- **TASK REQUIREMENTS**:
Whenever a line in the following entries includes "path", tally it. Report nothing except the final count.
..........
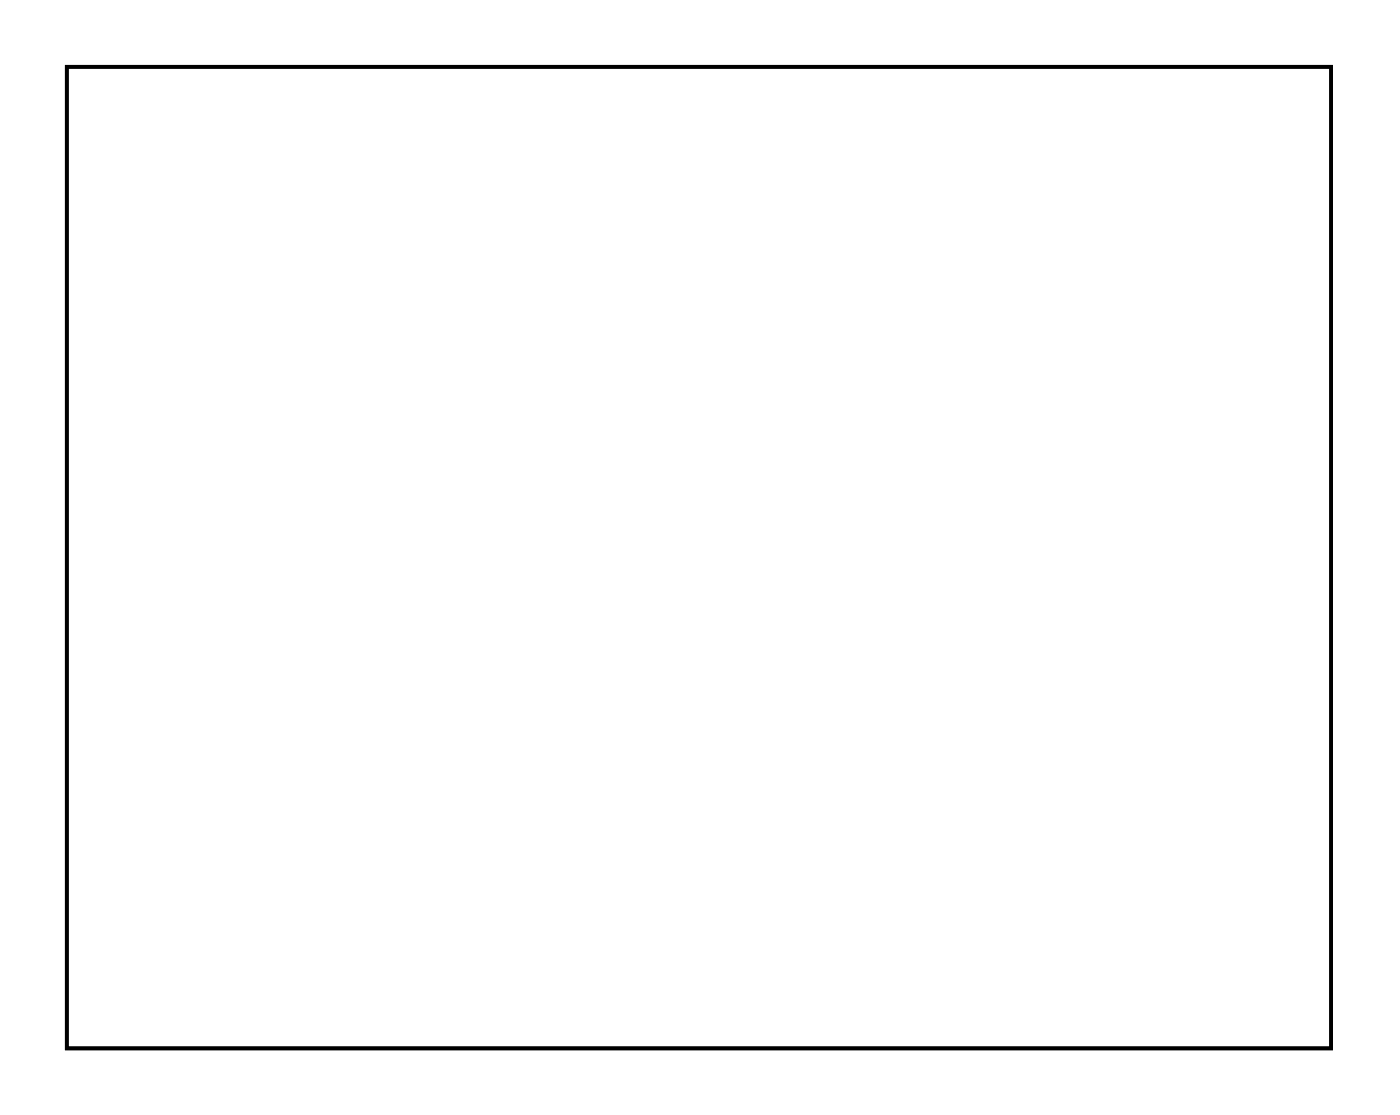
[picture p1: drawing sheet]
<svg xmlns="http://www.w3.org/2000/svg" width="76mm" height="61mm" viewBox="0 0 76 61" stroke-linecap="round" stroke-linejoin="round" font-family="sans-serif">
<path d="M3.6 3.6h68.9v53.5h-68.9z" fill="none" stroke="#000" stroke-width=".2"/>
<path d="M3.6 3.6v53.5h68.9v-53.5zM3.6 3.6h68.9v53.5h-68.9z" fill="#000"/>
<circle cx="19.1" cy="54.5" r=".66" fill="#fff"/>
<circle cx="19.1" cy="54.5" r=".66" fill="none" stroke="#fff" stroke-width=".25"/>
<circle cx="16.6" cy="54.5" r=".66" fill="#fff"/>
<circle cx="16.6" cy="54.5" r=".66" fill="none" stroke="#fff" stroke-width=".25"/>
<circle cx="14" cy="54.5" r=".66" fill="#fff"/>
<circle cx="14" cy="54.5" r=".66" fill="none" stroke="#fff" stroke-width=".25"/>
<circle cx="11.5" cy="54.5" r=".66" fill="#fff"/>
<circle cx="11.5" cy="54.5" r=".66" fill="none" stroke="#fff" stroke-width=".25"/>
<circle cx="9" cy="54.5" r=".66" fill="#fff"/>
<circle cx="9" cy="54.5" r=".66" fill="none" stroke="#fff" stroke-width=".25"/>
<circle cx="30.8" cy="6.3" r=".66" fill="#fff"/>
<circle cx="30.8" cy="6.3" r=".66" fill="none" stroke="#fff" stroke-width=".25"/>
<circle cx="33.3" cy="6.3" r=".66" fill="#fff"/>
<circle cx="33.3" cy="6.3" r=".66" fill="none" stroke="#fff" stroke-width=".25"/>
<circle cx="35.9" cy="6.3" r=".66" fill="#fff"/>
<circle cx="35.9" cy="6.3" r=".66" fill="none" stroke="#fff" stroke-width=".25"/>
<circle cx="38.4" cy="6.3" r=".66" fill="#fff"/>
<circle cx="38.4" cy="6.3" r=".66" fill="none" stroke="#fff" stroke-width=".25"/>
<circle cx="41" cy="6.3" r=".66" fill="#fff"/>
<circle cx="41" cy="6.3" r=".66" fill="none" stroke="#fff" stroke-width=".25"/>
<circle cx="43.5" cy="6.3" r=".66" fill="#fff"/>
<circle cx="43.5" cy="6.3" r=".66" fill="none" stroke="#fff" stroke-width=".25"/>
<circle cx="46" cy="6.3" r=".66" fill="#fff"/>
<circle cx="46" cy="6.3" r=".66" fill="none" stroke="#fff" stroke-width=".25"/>
<circle cx="48.6" cy="6.3" r=".66" fill="#fff"/>
<circle cx="48.6" cy="6.3" r=".66" fill="none" stroke="#fff" stroke-width=".25"/>
<circle cx="51.1" cy="6.3" r=".66" fill="#fff"/>
<circle cx="51.1" cy="6.3" r=".66" fill="none" stroke="#fff" stroke-width=".25"/>
<circle cx="53.7" cy="6.3" r=".66" fill="#fff"/>
<circle cx="53.7" cy="6.3" r=".66" fill="none" stroke="#fff" stroke-width=".25"/>
<circle cx="9" cy="6.3" r=".66" fill="#fff"/>
<circle cx="9" cy="6.3" r=".66" fill="none" stroke="#fff" stroke-width=".25"/>
<circle cx="11.5" cy="6.3" r=".66" fill="#fff"/>
<circle cx="11.5" cy="6.3" r=".66" fill="none" stroke="#fff" stroke-width=".25"/>
<circle cx="14" cy="6.3" r=".66" fill="#fff"/>
<circle cx="14" cy="6.3" r=".66" fill="none" stroke="#fff" stroke-width=".25"/>
<circle cx="16.6" cy="6.3" r=".66" fill="#fff"/>
<circle cx="16.6" cy="6.3" r=".66" fill="none" stroke="#fff" stroke-width=".25"/>
<circle cx="19.1" cy="6.3" r=".66" fill="#fff"/>
<circle cx="19.1" cy="6.3" r=".66" fill="none" stroke="#fff" stroke-width=".25"/>
<circle cx="21.7" cy="6.3" r=".66" fill="#fff"/>
<circle cx="21.7" cy="6.3" r=".66" fill="none" stroke="#fff" stroke-width=".25"/>
<circle cx="24.2" cy="6.3" r=".66" fill="#fff"/>
<circle cx="24.2" cy="6.3" r=".66" fill="none" stroke="#fff" stroke-width=".25"/>
<circle cx="26.7" cy="6.3" r=".66" fill="#fff"/>
<circle cx="26.7" cy="6.3" r=".66" fill="none" stroke="#fff" stroke-width=".25"/>
<circle cx="42" cy="54.5" r=".66" fill="#fff"/>
<circle cx="42" cy="54.5" r=".66" fill="none" stroke="#fff" stroke-width=".25"/>
<circle cx="44.5" cy="54.5" r=".66" fill="#fff"/>
<circle cx="44.5" cy="54.5" r=".66" fill="none" stroke="#fff" stroke-width=".25"/>
<circle cx="39.4" cy="54.5" r=".66" fill="#fff"/>
<circle cx="39.4" cy="54.5" r=".66" fill="none" stroke="#fff" stroke-width=".25"/>
<circle cx="36.9" cy="54.5" r=".66" fill="#fff"/>
<circle cx="36.9" cy="54.5" r=".66" fill="none" stroke="#fff" stroke-width=".25"/>
<circle cx="34.4" cy="54.5" r=".66" fill="#fff"/>
<circle cx="34.4" cy="54.5" r=".66" fill="none" stroke="#fff" stroke-width=".25"/>
<circle cx="31.8" cy="54.5" r=".66" fill="#fff"/>
<circle cx="31.8" cy="54.5" r=".66" fill="none" stroke="#fff" stroke-width=".25"/>
<circle cx="29.3" cy="54.5" r=".66" fill="#fff"/>
<circle cx="29.3" cy="54.5" r=".66" fill="none" stroke="#fff" stroke-width=".25"/>
<circle cx="26.7" cy="54.5" r=".66" fill="#fff"/>
<circle cx="26.7" cy="54.5" r=".66" fill="none" stroke="#fff" stroke-width=".25"/>
<circle cx="21.7" cy="54.5" r=".66" fill="#fff"/>
<circle cx="21.7" cy="54.5" r=".66" fill="none" stroke="#fff" stroke-width=".25"/>
<circle cx="6.4" cy="26.5" r=".66" fill="#fff"/>
<circle cx="6.4" cy="26.5" r=".66" fill="none" stroke="#fff" stroke-width=".25"/>
<circle cx="9" cy="26.5" r=".66" fill="#fff"/>
<circle cx="9" cy="26.5" r=".66" fill="none" stroke="#fff" stroke-width=".25"/>
<circle cx="6.4" cy="29" r=".66" fill="#fff"/>
<circle cx="6.4" cy="29" r=".66" fill="none" stroke="#fff" stroke-width=".25"/>
<circle cx="9" cy="29" r=".66" fill="#fff"/>
<circle cx="9" cy="29" r=".66" fill="none" stroke="#fff" stroke-width=".25"/>
<circle cx="6.4" cy="31.6" r=".66" fill="#fff"/>
<circle cx="6.4" cy="31.6" r=".66" fill="none" stroke="#fff" stroke-width=".25"/>
<circle cx="9" cy="31.6" r=".66" fill="#fff"/>
<circle cx="9" cy="31.6" r=".66" fill="none" stroke="#fff" stroke-width=".25"/>
<circle cx="26.8" cy="15.5" r=".74" fill="#fff"/>
<circle cx="26.8" cy="15.5" r=".74" fill="none" stroke="#fff" stroke-width=".76" stroke-linecap="butt"/>
<circle cx="24.3" cy="15.5" r=".74" fill="#fff"/>
<circle cx="24.3" cy="15.5" r=".74" fill="none" stroke="#fff" stroke-width=".76" stroke-linecap="butt"/>
<circle cx="21.7" cy="15.5" r=".74" fill="#fff"/>
<circle cx="21.7" cy="15.5" r=".74" fill="none" stroke="#fff" stroke-width=".76" stroke-linecap="butt"/>
<circle cx="19.2" cy="15.5" r=".74" fill="#fff"/>
<circle cx="19.2" cy="15.5" r=".74" fill="none" stroke="#fff" stroke-width=".76" stroke-linecap="butt"/>
<circle cx="16.7" cy="15.5" r=".74" fill="#fff"/>
<circle cx="16.7" cy="15.5" r=".74" fill="none" stroke="#fff" stroke-width=".76" stroke-linecap="butt"/>
<circle cx="14.1" cy="15.5" r=".74" fill="#fff"/>
<circle cx="14.1" cy="15.5" r=".74" fill="none" stroke="#fff" stroke-width=".76" stroke-linecap="butt"/>
<circle cx="11.6" cy="15.5" r=".74" fill="#fff"/>
<circle cx="11.6" cy="15.5" r=".74" fill="none" stroke="#fff" stroke-width=".76" stroke-linecap="butt"/>
<circle cx="9" cy="15.5" r=".74" fill="#fff"/>
<circle cx="9" cy="15.5" r=".74" fill="none" stroke="#fff" stroke-width=".76" stroke-linecap="butt"/>
<circle cx="53.8" cy="15.4" r=".74" fill="#fff"/>
<circle cx="53.8" cy="15.4" r=".74" fill="none" stroke="#fff" stroke-width=".76" stroke-linecap="butt"/>
<circle cx="51.3" cy="15.4" r=".74" fill="#fff"/>
<circle cx="51.3" cy="15.4" r=".74" fill="none" stroke="#fff" stroke-width=".76" stroke-linecap="butt"/>
<circle cx="48.7" cy="15.4" r=".74" fill="#fff"/>
<circle cx="48.7" cy="15.4" r=".74" fill="none" stroke="#fff" stroke-width=".76" stroke-linecap="butt"/>
<circle cx="46.2" cy="15.4" r=".74" fill="#fff"/>
<circle cx="46.2" cy="15.4" r=".74" fill="none" stroke="#fff" stroke-width=".76" stroke-linecap="butt"/>
<circle cx="43.6" cy="15.4" r=".74" fill="#fff"/>
<circle cx="43.6" cy="15.4" r=".74" fill="none" stroke="#fff" stroke-width=".76" stroke-linecap="butt"/>
<circle cx="41.1" cy="15.4" r=".74" fill="#fff"/>
<circle cx="41.1" cy="15.4" r=".74" fill="none" stroke="#fff" stroke-width=".76" stroke-linecap="butt"/>
<circle cx="38.6" cy="15.4" r=".74" fill="#fff"/>
<circle cx="38.6" cy="15.4" r=".74" fill="none" stroke="#fff" stroke-width=".76" stroke-linecap="butt"/>
<circle cx="36" cy="15.4" r=".74" fill="#fff"/>
<circle cx="36" cy="15.4" r=".74" fill="none" stroke="#fff" stroke-width=".76" stroke-linecap="butt"/>
<circle cx="33.5" cy="15.4" r=".74" fill="#fff"/>
<circle cx="33.5" cy="15.4" r=".74" fill="none" stroke="#fff" stroke-width=".76" stroke-linecap="butt"/>
<circle cx="30.9" cy="15.4" r=".74" fill="#fff"/>
<circle cx="30.9" cy="15.4" r=".74" fill="none" stroke="#fff" stroke-width=".76" stroke-linecap="butt"/>
<circle cx="21.6" cy="34.1" r=".74" fill="#fff"/>
<circle cx="21.6" cy="34.1" r=".74" fill="none" stroke="#fff" stroke-width=".76" stroke-linecap="butt"/>
<circle cx="19" cy="34.1" r=".74" fill="#fff"/>
<circle cx="19" cy="34.1" r=".74" fill="none" stroke="#fff" stroke-width=".76" stroke-linecap="butt"/>
<circle cx="16.5" cy="34.1" r=".74" fill="#fff"/>
<circle cx="16.5" cy="34.1" r=".74" fill="none" stroke="#fff" stroke-width=".76" stroke-linecap="butt"/>
<circle cx="14" cy="34.1" r=".74" fill="#fff"/>
<circle cx="14" cy="34.1" r=".74" fill="none" stroke="#fff" stroke-width=".76" stroke-linecap="butt"/>
<circle cx="21.6" cy="39.2" r=".7" fill="#fff"/>
<circle cx="21.6" cy="39.2" r=".7" fill="none" stroke="#fff" stroke-width=".76" stroke-linecap="butt"/>
<circle cx="21.6" cy="49.4" r=".7" fill="#fff"/>
<circle cx="21.6" cy="49.4" r=".7" fill="none" stroke="#fff" stroke-width=".76" stroke-linecap="butt"/>
<circle cx="19" cy="39.2" r=".7" fill="#fff"/>
<circle cx="19" cy="39.2" r=".7" fill="none" stroke="#fff" stroke-width=".76" stroke-linecap="butt"/>
<circle cx="19" cy="49.4" r=".7" fill="#fff"/>
<circle cx="19" cy="49.4" r=".7" fill="none" stroke="#fff" stroke-width=".76" stroke-linecap="butt"/>
<circle cx="16.5" cy="39.2" r=".7" fill="#fff"/>
<circle cx="16.5" cy="39.2" r=".7" fill="none" stroke="#fff" stroke-width=".76" stroke-linecap="butt"/>
<circle cx="16.5" cy="49.4" r=".7" fill="#fff"/>
<circle cx="16.5" cy="49.4" r=".7" fill="none" stroke="#fff" stroke-width=".76" stroke-linecap="butt"/>
<circle cx="14" cy="39.2" r=".7" fill="#fff"/>
<circle cx="14" cy="39.2" r=".7" fill="none" stroke="#fff" stroke-width=".76" stroke-linecap="butt"/>
<circle cx="14" cy="49.4" r=".7" fill="#fff"/>
<circle cx="14" cy="49.4" r=".7" fill="none" stroke="#fff" stroke-width=".76" stroke-linecap="butt"/>
</svg>
..........
- **RESULT**:
2